Re: ISSUE-23: Where should we query for class and subClassOf? from Irene Polikoff on 2016-01-20 (public-data-shapes-wg@w3.org from January 2016)

From: Irene Polikoff <irene@topquadrant.com>
Date: Tue, 19 Jan 2016 20:56:23 -0500
To: Holger Knublauch <holger@topquadrant.com>
Cc: public-data-shapes-wg@w3.org
Message-Id: <39A00575-4BF0-4BDD-9189-6845E9B56AF8@topquadrant.com>

I agree that requiring applications to copy triples from one graph to another before they can submit to SHACL engine complicates things and it is a concern.

Can it be assumed as a default that boy shapes and data graph are queried and then, for cases where performance of this may be an issue, have a way to set an indicator that only shapes graph should be queried?

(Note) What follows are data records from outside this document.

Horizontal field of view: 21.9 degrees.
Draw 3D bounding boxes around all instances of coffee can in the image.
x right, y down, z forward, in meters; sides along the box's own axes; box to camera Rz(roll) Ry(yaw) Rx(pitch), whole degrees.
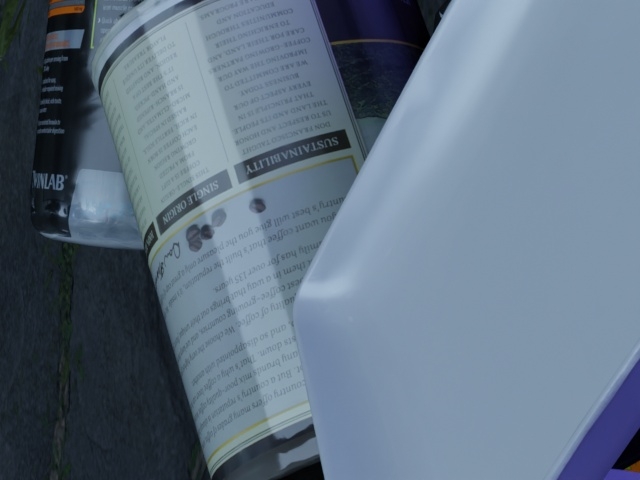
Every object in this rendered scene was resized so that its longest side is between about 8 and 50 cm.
[{"bbox_3d":[0.000,0.000,0.942,0.201,0.201,0.275,-41,62,51],"label":"coffee can"}]

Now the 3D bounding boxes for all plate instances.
[{"bbox_3d":[0.078,-0.001,0.629,0.278,0.045,0.277,-61,22,25],"label":"plate"}]

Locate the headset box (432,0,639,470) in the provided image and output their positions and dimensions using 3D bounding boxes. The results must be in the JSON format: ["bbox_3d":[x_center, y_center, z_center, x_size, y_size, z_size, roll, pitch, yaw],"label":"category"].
[{"bbox_3d":[0.131,-0.028,0.765,0.218,0.110,0.293,132,151,-55],"label":"headset box"}]

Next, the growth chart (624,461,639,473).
[{"bbox_3d":[0.179,0.160,0.832,0.237,0.021,0.172,59,136,47],"label":"growth chart"}]

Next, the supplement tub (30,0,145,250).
[{"bbox_3d":[-0.089,-0.158,1.172,0.207,0.207,0.338,6,90,61],"label":"supplement tub"}]

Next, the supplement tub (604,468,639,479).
[{"bbox_3d":[0.097,0.269,0.640,0.228,0.228,0.316,-33,37,54],"label":"supplement tub"}]
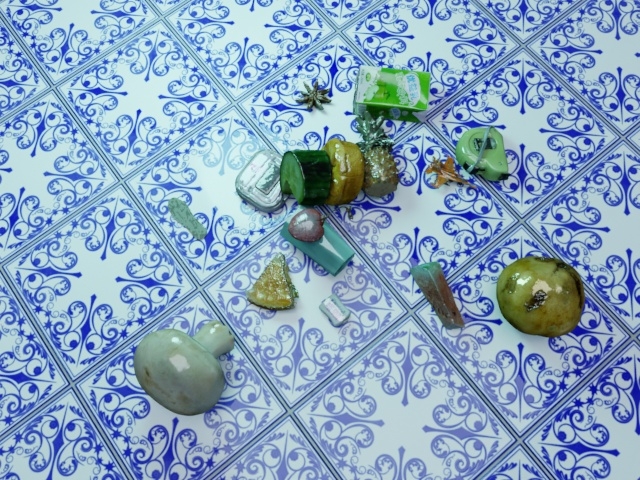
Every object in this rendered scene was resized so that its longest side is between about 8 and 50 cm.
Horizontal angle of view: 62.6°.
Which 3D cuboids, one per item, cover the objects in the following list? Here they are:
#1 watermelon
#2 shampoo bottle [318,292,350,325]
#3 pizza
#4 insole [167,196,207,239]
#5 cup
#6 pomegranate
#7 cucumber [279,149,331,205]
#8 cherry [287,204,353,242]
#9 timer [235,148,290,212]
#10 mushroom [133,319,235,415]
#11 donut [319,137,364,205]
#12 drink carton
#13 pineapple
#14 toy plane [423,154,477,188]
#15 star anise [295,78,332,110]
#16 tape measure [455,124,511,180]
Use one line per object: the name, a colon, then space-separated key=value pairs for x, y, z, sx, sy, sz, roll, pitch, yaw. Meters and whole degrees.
watermelon: x=0.388 y=0.178 z=1.678 sx=0.094 sy=0.154 sz=0.241 roll=-24 pitch=87 yaw=-5
shampoo bottle: x=0.051 y=0.230 z=1.708 sx=0.072 sy=0.043 sz=0.099 roll=-40 pitch=77 yaw=-9
pizza: x=-0.149 y=0.134 z=1.739 sx=0.185 sy=0.052 sz=0.195 roll=10 pitch=78 yaw=12
insole: x=-0.466 y=-0.078 z=1.837 sx=0.065 sy=0.006 sz=0.193 roll=-43 pitch=77 yaw=-11
cup: x=0.000 y=0.000 z=1.735 sx=0.235 sy=0.148 sz=0.134 roll=40 pitch=52 yaw=11
pomegranate: x=0.670 y=0.166 z=1.612 sx=0.260 sy=0.260 sz=0.261 roll=-1 pitch=73 yaw=2
cucumber: x=-0.042 y=-0.210 z=1.722 sx=0.130 sy=0.191 sz=0.191 roll=-8 pitch=72 yaw=-24
cherry: x=0.004 y=-0.052 z=1.647 sx=0.225 sy=0.090 sz=0.107 roll=-10 pitch=65 yaw=-13
timer: x=-0.185 y=-0.212 z=1.838 sx=0.190 sy=0.069 sz=0.209 roll=32 pitch=76 yaw=8
mushroom: x=-0.394 y=0.355 z=1.573 sx=0.297 sy=0.298 sz=0.290 roll=31 pitch=55 yaw=10
donut: x=0.061 y=-0.227 z=1.763 sx=0.113 sy=0.226 sz=0.227 roll=1 pitch=72 yaw=-21
drink carton: x=0.255 y=-0.530 z=1.899 sx=0.270 sy=0.108 sz=0.161 roll=8 pitch=76 yaw=3
pineapple: x=0.179 y=-0.305 z=1.826 sx=0.170 sy=0.141 sz=0.310 roll=-17 pitch=64 yaw=22
toy plane: x=0.455 y=-0.222 z=1.830 sx=0.188 sy=0.062 sz=0.135 roll=30 pitch=76 yaw=-4
star anise: x=-0.022 y=-0.527 z=1.940 sx=0.140 sy=0.042 sz=0.141 roll=-1 pitch=70 yaw=2
tape measure: x=0.559 y=-0.310 z=1.821 sx=0.175 sy=0.106 sz=0.200 roll=2 pitch=71 yaw=-2
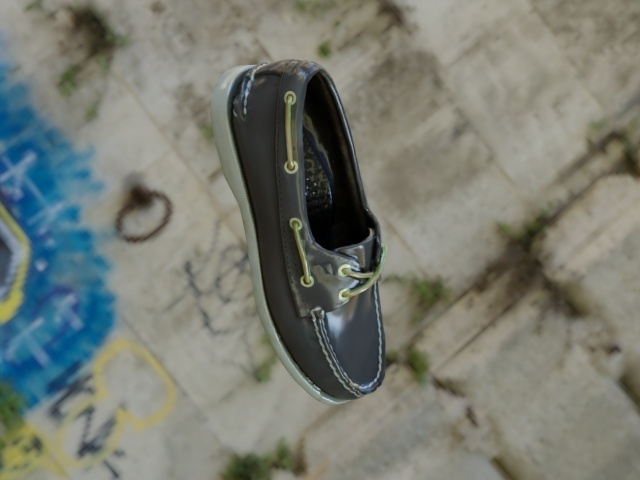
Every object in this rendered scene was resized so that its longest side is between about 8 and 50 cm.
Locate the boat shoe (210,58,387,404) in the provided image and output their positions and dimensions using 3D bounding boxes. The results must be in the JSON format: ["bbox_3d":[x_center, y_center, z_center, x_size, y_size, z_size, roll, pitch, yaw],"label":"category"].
[{"bbox_3d":[0.000,0.000,0.926,0.068,0.081,0.228,-4,-68,40],"label":"boat shoe"}]
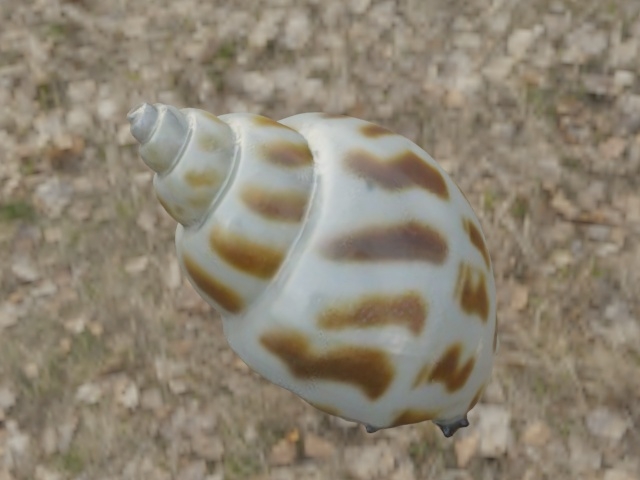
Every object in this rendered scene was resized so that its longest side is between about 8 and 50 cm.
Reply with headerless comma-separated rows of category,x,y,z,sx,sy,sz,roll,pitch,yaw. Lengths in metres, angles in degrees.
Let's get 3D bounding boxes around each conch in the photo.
conch,0.000,0.000,1.121,0.275,0.149,0.183,16,32,-8
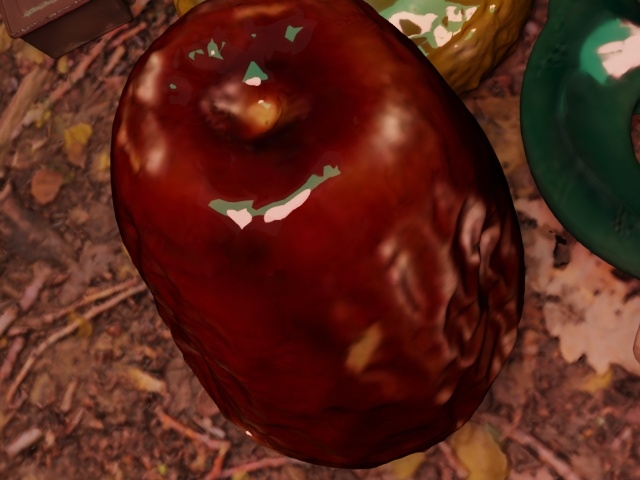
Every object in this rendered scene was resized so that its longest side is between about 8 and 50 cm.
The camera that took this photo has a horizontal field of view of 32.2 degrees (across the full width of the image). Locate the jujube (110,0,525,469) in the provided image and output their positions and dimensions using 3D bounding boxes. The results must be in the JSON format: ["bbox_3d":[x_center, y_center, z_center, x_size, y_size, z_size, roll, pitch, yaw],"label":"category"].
[{"bbox_3d":[0.000,0.000,0.588,0.223,0.318,0.223,-4,69,9],"label":"jujube"}]

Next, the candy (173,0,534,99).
[{"bbox_3d":[0.022,-0.195,0.739,0.259,0.118,0.260,-4,79,19],"label":"candy"}]

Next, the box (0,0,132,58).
[{"bbox_3d":[-0.186,-0.179,0.815,0.084,0.063,0.060,-25,70,10],"label":"box"}]

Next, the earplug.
[{"bbox_3d":[0.226,-0.142,0.640,0.163,0.280,0.257,30,49,0],"label":"earplug"}]

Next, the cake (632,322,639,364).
[{"bbox_3d":[0.231,0.073,0.543,0.178,0.185,0.208,27,92,-16],"label":"cake"}]
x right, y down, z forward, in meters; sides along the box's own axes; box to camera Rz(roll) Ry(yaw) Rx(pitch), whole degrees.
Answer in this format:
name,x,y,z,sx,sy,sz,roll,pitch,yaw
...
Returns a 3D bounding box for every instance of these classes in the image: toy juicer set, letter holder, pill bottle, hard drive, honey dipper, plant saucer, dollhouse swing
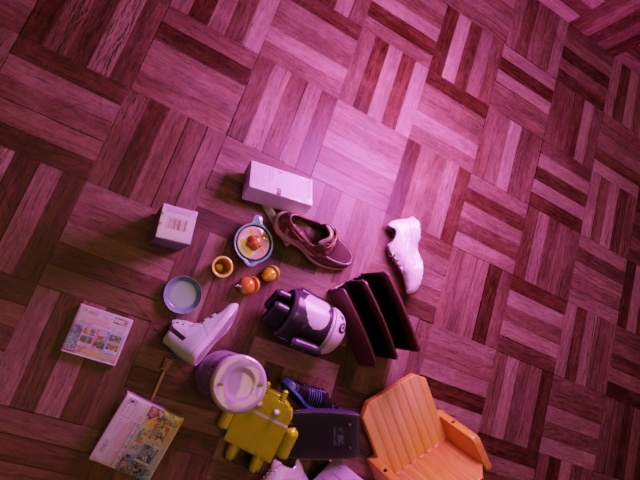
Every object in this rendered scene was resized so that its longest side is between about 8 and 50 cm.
name,x,y,z,sx,sy,sz,roll,pitch,yaw
toy juicer set,-0.195,0.032,1.743,0.209,0.089,0.329,41,68,-14
letter holder,0.188,0.274,1.817,0.152,0.214,0.301,-24,94,-25
pill bottle,-0.276,0.409,1.548,0.161,0.283,0.160,3,82,-24
hard drive,0.000,0.624,1.702,0.255,0.054,0.171,-1,102,3
honey dipper,-0.492,0.434,1.589,0.031,0.030,0.160,28,76,-19
plant saucer,-0.435,0.171,1.652,0.120,0.021,0.119,3,82,-25
dollhouse swing,0.355,0.690,1.811,0.347,0.315,0.304,-23,113,-25

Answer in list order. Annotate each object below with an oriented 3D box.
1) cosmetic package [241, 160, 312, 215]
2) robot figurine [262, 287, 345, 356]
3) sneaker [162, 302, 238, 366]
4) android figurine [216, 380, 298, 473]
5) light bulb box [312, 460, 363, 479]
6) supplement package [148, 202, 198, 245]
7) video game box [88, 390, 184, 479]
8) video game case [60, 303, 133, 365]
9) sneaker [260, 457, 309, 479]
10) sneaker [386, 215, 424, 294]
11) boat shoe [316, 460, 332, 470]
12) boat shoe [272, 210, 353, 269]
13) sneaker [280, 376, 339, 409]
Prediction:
name,x,y,z,sx,sy,sz,roll,pitch,yaw
cosmetic package,-0.144,-0.174,1.780,0.231,0.085,0.117,14,56,-22
robot figurine,-0.048,0.264,1.732,0.278,0.174,0.209,29,75,-18
sneaker,-0.372,0.255,1.632,0.151,0.094,0.256,30,45,12
android figurine,-0.191,0.578,1.642,0.248,0.056,0.272,27,88,4
light bulb box,0.062,0.927,1.572,0.361,0.358,0.225,-39,118,-23
supplement package,-0.448,-0.037,1.586,0.105,0.179,0.105,14,78,-22
video game box,-0.533,0.570,1.530,0.187,0.048,0.205,32,78,-15
video game case,-0.654,0.278,1.540,0.157,0.019,0.143,24,74,-21
sneaker,-0.155,0.765,1.676,0.232,0.090,0.115,-11,81,-34
sneaker,0.314,0.058,1.981,0.130,0.111,0.296,-4,80,-9
boat shoe,-0.002,0.714,1.771,0.056,0.048,0.153,-34,92,1
boat shoe,0.000,0.000,1.798,0.342,0.123,0.123,35,64,-28
sneaker,-0.034,0.520,1.763,0.232,0.081,0.090,47,60,-17
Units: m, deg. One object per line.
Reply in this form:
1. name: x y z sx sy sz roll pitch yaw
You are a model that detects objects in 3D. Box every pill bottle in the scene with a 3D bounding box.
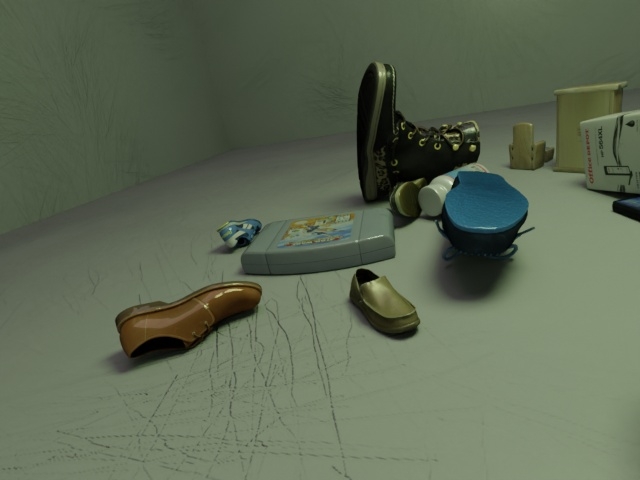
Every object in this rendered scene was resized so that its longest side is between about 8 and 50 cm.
1. pill bottle: 0.296 -0.109 0.891 0.160 0.087 0.087 -22 23 -27

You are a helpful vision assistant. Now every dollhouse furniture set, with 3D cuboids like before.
1. dollhouse furniture set: 0.710 -0.312 1.049 0.303 0.198 0.286 -22 23 -27

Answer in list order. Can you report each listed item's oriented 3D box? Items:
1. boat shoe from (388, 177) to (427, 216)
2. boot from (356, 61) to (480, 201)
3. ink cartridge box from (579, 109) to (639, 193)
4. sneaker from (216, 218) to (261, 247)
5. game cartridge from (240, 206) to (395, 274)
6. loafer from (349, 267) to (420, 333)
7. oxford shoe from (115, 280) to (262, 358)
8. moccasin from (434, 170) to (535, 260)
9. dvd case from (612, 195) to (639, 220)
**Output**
1. boat shoe: 0.195 -0.097 0.937 0.073 0.080 0.223 -10 11 30
2. boot: 0.235 -0.254 0.977 0.284 0.377 0.138 -6 48 -1
3. ink cartridge box: 0.599 -0.168 0.759 0.086 0.148 0.203 -14 10 -1
4. sneaker: -0.185 -0.015 0.960 0.053 0.059 0.144 -36 -9 27
5. game cartridge: 0.000 0.000 0.813 0.297 0.062 0.198 -7 16 11
6. loafer: 0.080 0.079 0.558 0.056 0.050 0.148 -20 22 -22
7. oxford shoe: -0.181 0.120 0.597 0.212 0.076 0.076 -17 51 -21
8. moccasin: 0.271 -0.031 0.669 0.138 0.116 0.342 11 23 21
9. dvd case: 0.657 -0.057 0.651 0.253 0.022 0.180 -11 19 2
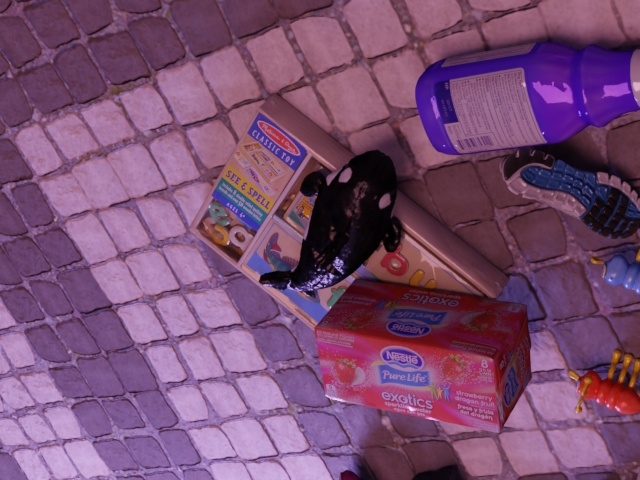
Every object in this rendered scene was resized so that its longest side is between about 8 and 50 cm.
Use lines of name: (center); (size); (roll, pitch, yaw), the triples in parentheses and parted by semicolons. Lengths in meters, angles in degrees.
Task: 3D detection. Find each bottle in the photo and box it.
bottle: (0.252, -0.169, 1.413); (0.283, 0.092, 0.118); (-6, 120, 34)

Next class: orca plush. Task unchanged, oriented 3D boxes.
orca plush: (0.000, 0.000, 1.608); (0.151, 0.102, 0.287); (49, 132, -6)

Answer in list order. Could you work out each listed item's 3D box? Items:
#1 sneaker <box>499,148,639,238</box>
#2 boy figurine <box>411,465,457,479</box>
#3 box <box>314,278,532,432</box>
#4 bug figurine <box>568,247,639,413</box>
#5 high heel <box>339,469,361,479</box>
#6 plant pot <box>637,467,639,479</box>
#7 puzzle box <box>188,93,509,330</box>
sneaker: (0.302, -0.063, 1.481); (0.191, 0.083, 0.071); (25, 95, -8)
boy figurine: (0.242, 0.481, 1.865); (0.177, 0.092, 0.285); (-29, 103, 41)
box: (0.136, 0.147, 1.607); (0.257, 0.128, 0.122); (8, 124, 28)
bug figurine: (0.425, 0.136, 1.528); (0.216, 0.072, 0.279); (18, 128, 21)
high heel: (0.145, 0.522, 1.974); (0.181, 0.127, 0.377); (-14, 111, 7)
plant pot: (0.536, 0.325, 1.494); (0.274, 0.256, 0.256); (6, 125, 48)
puzzle box: (0.030, 0.017, 1.707); (0.409, 0.052, 0.272); (38, 132, 4)
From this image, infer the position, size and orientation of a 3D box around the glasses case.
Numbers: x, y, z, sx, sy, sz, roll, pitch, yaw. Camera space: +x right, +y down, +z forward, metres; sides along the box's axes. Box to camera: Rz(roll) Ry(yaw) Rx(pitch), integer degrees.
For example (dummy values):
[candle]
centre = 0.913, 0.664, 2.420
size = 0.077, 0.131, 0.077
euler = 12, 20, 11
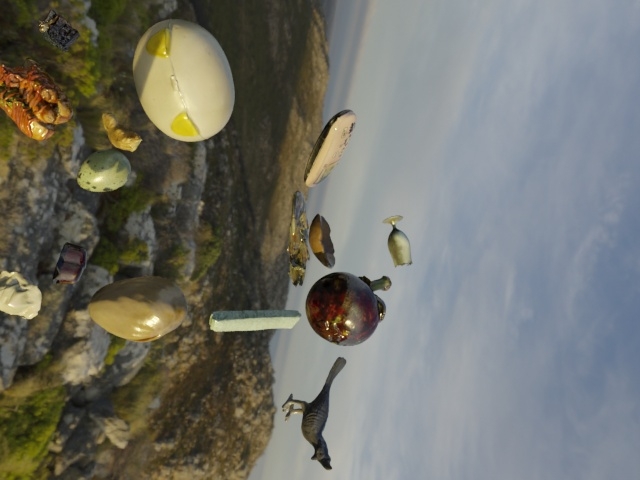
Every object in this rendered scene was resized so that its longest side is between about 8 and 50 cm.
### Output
[glasses case]
centre = 0.029, -0.297, 1.587
size = 0.122, 0.075, 0.314
euler = -31, 160, -40

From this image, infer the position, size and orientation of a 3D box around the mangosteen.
[mangosteen]
centre = 0.094, 0.186, 1.461
size = 0.289, 0.231, 0.232
euler = -33, 151, -37

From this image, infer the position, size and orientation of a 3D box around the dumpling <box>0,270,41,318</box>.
[dumpling]
centre = -0.963, 0.164, 1.521
size = 0.127, 0.187, 0.108
euler = -60, 172, 20

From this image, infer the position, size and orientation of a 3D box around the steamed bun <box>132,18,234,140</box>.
[steamed bun]
centre = -0.435, -0.508, 1.552
size = 0.334, 0.333, 0.374
euler = -82, 158, -69

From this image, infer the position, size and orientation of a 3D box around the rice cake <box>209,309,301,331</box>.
[rice cake]
centre = -0.115, 0.144, 0.873
size = 0.029, 0.170, 0.033
euler = 58, -42, 49

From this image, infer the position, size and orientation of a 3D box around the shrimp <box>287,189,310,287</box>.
[shrimp]
centre = -0.084, -0.009, 1.750
size = 0.247, 0.085, 0.361
euler = 74, 18, -76

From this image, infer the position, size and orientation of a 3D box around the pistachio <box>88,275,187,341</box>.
[pistachio]
centre = -0.517, 0.186, 1.373
size = 0.166, 0.287, 0.198
euler = 70, 31, -63

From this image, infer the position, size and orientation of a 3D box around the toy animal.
[toy animal]
centre = -0.029, 0.570, 1.618
size = 0.081, 0.205, 0.367
euler = 60, 32, -45

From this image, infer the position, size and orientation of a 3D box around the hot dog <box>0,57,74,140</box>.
[hot dog]
centre = -0.795, -0.396, 1.305
size = 0.158, 0.349, 0.117
euler = -42, 146, -9

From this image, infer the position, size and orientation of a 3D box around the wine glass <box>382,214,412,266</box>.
[wine glass]
centre = 0.340, 0.006, 2.130
size = 0.103, 0.103, 0.222
euler = 107, -27, -72

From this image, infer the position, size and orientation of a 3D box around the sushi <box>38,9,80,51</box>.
[sushi]
centre = -0.818, -0.650, 1.509
size = 0.084, 0.094, 0.098
euler = -56, -164, -9

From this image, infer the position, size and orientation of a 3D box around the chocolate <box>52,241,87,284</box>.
[chocolate]
centre = -0.843, 0.093, 1.644
size = 0.125, 0.080, 0.149
euler = 131, -31, -63

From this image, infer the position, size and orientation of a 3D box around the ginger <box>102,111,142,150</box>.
[ginger]
centre = -0.699, -0.360, 1.691
size = 0.081, 0.205, 0.115
euler = -18, 143, -44

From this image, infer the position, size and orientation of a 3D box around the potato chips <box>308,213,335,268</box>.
[potato chips]
centre = -0.001, 0.001, 1.575
size = 0.208, 0.061, 0.195
euler = -95, 167, -48

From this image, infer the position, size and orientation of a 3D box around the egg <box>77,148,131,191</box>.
[egg]
centre = -0.936, -0.297, 2.083
size = 0.228, 0.177, 0.177
euler = -34, 163, -21
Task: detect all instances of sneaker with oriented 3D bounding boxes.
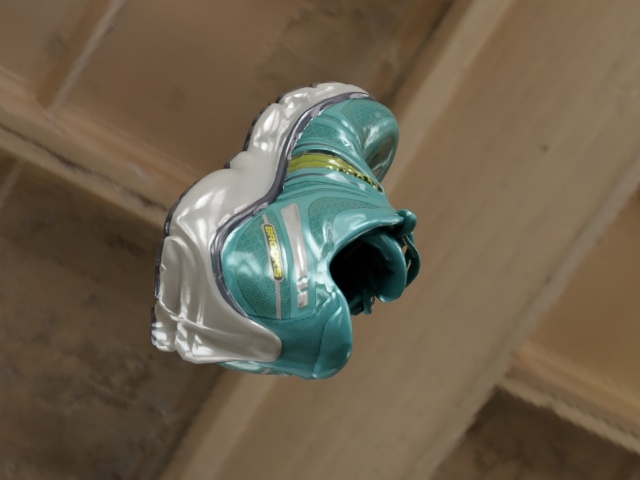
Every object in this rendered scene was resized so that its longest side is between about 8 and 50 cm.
[{"bbox_3d":[0.000,0.000,0.873,0.110,0.275,0.107,17,-62,9],"label":"sneaker"}]
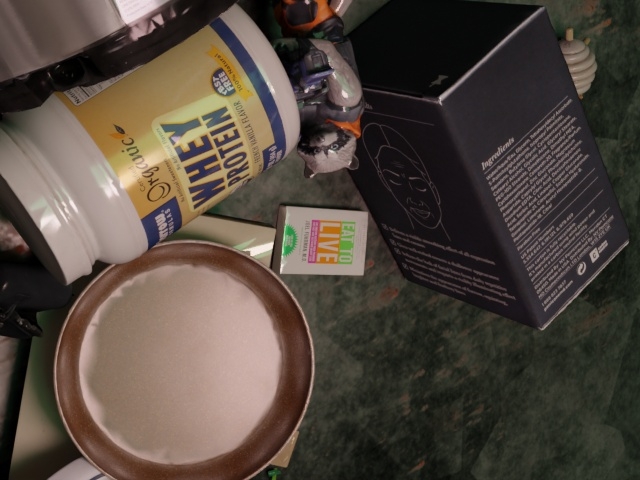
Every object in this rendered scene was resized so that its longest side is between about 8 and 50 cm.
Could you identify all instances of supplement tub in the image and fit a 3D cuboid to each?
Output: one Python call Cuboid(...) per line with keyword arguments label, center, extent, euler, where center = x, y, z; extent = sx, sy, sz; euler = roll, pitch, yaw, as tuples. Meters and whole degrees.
Cuboid(label="supplement tub", center=(-0.205, -0.116, 1.250), extent=(0.316, 0.228, 0.228), euler=(-36, 121, -18))

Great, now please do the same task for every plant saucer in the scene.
Cuboid(label="plant saucer", center=(-0.162, 0.152, 1.354), extent=(0.311, 0.050, 0.310), euler=(-1, 94, -13))

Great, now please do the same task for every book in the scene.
Cuboid(label="book", center=(0.000, 0.000, 1.617), extent=(0.144, 0.035, 0.096), euler=(2, 98, -35))

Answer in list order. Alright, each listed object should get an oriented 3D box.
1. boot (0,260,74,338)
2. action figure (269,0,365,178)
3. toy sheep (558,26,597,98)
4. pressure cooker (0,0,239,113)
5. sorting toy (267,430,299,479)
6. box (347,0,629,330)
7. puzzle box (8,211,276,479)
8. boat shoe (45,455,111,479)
Cuboid(label="boot", center=(-0.426, 0.089, 1.273), extent=(0.247, 0.094, 0.207), euler=(-29, 159, 17))
Cuboid(label="action figure", center=(0.006, -0.239, 1.356), extent=(0.179, 0.341, 0.330), euler=(-6, 97, -17))
Cuboid(label="toy sheep", center=(0.398, -0.280, 1.794), extent=(0.091, 0.091, 0.132), euler=(-33, 125, -25))
Cuboid(label="pressure cooker", center=(-0.281, -0.381, 1.071), extent=(0.420, 0.376, 0.369), euler=(63, 30, -27))
Cuboid(label="sorting toy", center=(-0.067, 0.316, 1.665), extent=(0.062, 0.012, 0.083), euler=(22, 86, -43))
Cuboid(label="box", center=(0.204, -0.114, 1.565), extent=(0.212, 0.294, 0.395), euler=(-43, 124, -20))
Cuboid(label="puzzle box", center=(-0.228, 0.154, 1.409), extent=(0.272, 0.052, 0.408), euler=(11, 98, -12))
Cuboid(label="boat shoe", center=(-0.335, 0.428, 1.288), extent=(0.367, 0.156, 0.136), euler=(-50, 161, -18))

May guess is that this is not often will be a performance issue. Looking for parent classes of a given class is an easy query even for a large dataset.

Sent from my iPhone

> On Jan 19, 2016, at 8:09 PM, Holger Knublauch <holger@topquadrant.com> wrote:
> 
> (I predict that the separation between shapes and data graph will become a FAQ topic for SHACL. It may have been better to leave this topic out in version 1 of the standard, as many users will topple over it. Such things may break the standard's adoption because they complicate everything. In the end, the main benefit of having a shapes graph is optimizing performance (so that the data graph is not polluted), yet this may be considered premature optimization as engines can probably take care of this themselves.)
> 
> Anyway, your specific suggestion MAY work for me, as the shapes graph is a conceptual/logical entity only and engines may inject any number of triples into the shapes graph prior to validation. This doesn't make life easier though, so I am not sure.
> 
> Two issues come to my mind:
> 
> 1) if we assume the rdfs:subClassOf triples reside in the shapes graph only, then the user/engine needs to take care to consider extensibility: the data graph may include extensions of the core ontology that a shapes graph was developed against. For example someone may create a subclass ex2:Cat while the shape only knows about ex1:Animal. To prepare validation, some agent would need to make sure that ex2:Cat rdfs:subClassOf ex1:Animal is visible to the shapes graph.
> 
> 2) sh:class currently looks at the data graph. If we change the behavior of sh:scopeClass then we arguably would also need to change sh:class to walk the shapes graph.
> 
> Holger
> 
> 
>> On 20/01/2016 4:38 AM, Arthur Ryman wrote:
>> While reading the spec I noticed the following statement:
>> 
>> "To determine class membership, the rdf:type and rdfs:subClassOf
>> triples are queried in the data graph."
>> 
>> However, querying the data graph for class and subclass information is
>> inconsistent with the example SPARQL for determining which shapes are
>> classes:
>> 
>> "As syntactic sugar for the scenario above, SHACL includes a rule that
>> if a class is also a shape (in the shapes graph), then the
>> sh:scopeClass triple pointing at itself can be omitted. This rule is
>> illustrated by the following SPARQL CONSTRUCT query, which may be
>> executed over the shapes graph prior to validation, to produce the
>> implicit sh:scopeClass triples."
>> 
>> CONSTRUCT {
>> ?class sh:scopeClass ?class .
>> }
>> WHERE {
>> ?class rdfs:subClassOf*/rdf:type rdfs:Class .
>> ?class rdfs:subClassOf*/rdf:type sh:Shape .
>> }
>> 
>> I propose that in both cases we query the shapes graph, NOT the data graph.
>> 
>> Recall that we expect the application to provide a shapes graph and a
>> data graph as input to the SHACL validator. Therefore, the application
>> can always copy any rdfs:Class and rdfs:subClassOf triples into the
>> shapes graph. Although RDF does not require class definitions to be
>> separated from data instances, in practice these are often separated.
>> Both shapes and classes are more properly regarded as metadata than
>> data.
>> 
>> -- Arthur
> 
>

Received on Wednesday, 20 January 2016 01:57:03 UTC